# Car Hire in Cabopino



## Bigmal666 (May 1, 2005)

We are thinking of renting a car this summer in Cabopino and are having a little trouble getting quotes.
Just wondered if anyone could recommend a company there or very nearby.


----------



## andrewball1000 (Oct 16, 2009)

Yellow Cars are at the El Rosario junction. You can collect there and leave at the airport. I have only used them for short term hire so suspect they may be expensive for longer term.


----------



## Detourer (May 9, 2005)

Hi if its Cabopino near Malaga you are at then try www.DoYouSpain.com. They are a booking agent and get best rates from all the hire companies near the airport and around the area.

We hire a couple of cars on permanent basis, changing every month [or when the ashtray gets full!].

Did a 31 day renewal today for a VW Golf at 256 euro......

Ray


----------



## Mike48 (May 1, 2005)

You can rent a car from the campsite but I have no idea how much they charge.
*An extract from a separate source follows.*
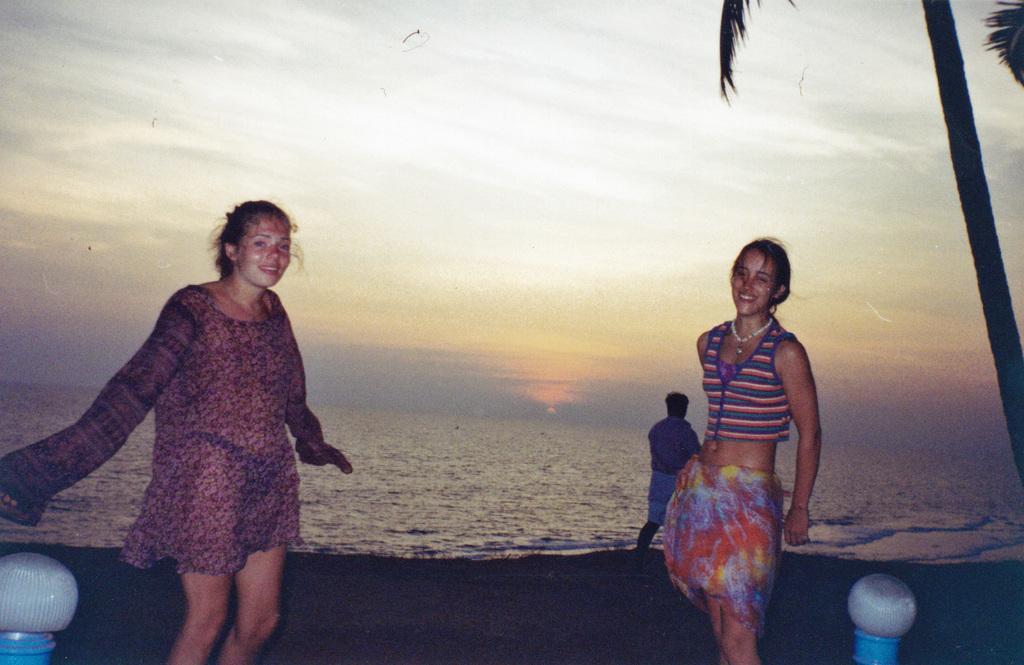Can you describe this image briefly? There are two women standing and we can see tree. On the background we can see person,water and sky.

Try e mailing the site; they speak excellent English.


----------



## NG2 (Mar 7, 2010)

Just back from Camping Capobino and there was a sign outside reception advertising car hire from 115 euro (which I assumed was for a very small car for a week).

Mark


----------



## cabby (May 14, 2005)

Not sure if the firm is still there, but it was just up the road from campsite, however the service was terrible and their rental started at 5pm, yes I said 17.00hrs. he seemed perplexed that I wanted the car in the morning. 8O 8O 
Detourer deal sounds good.


cabby


----------



## sideways (Jun 2, 2008)

Do you spain were doing polos through gold car in benidorm last winter long term for 5 euros a day.


----------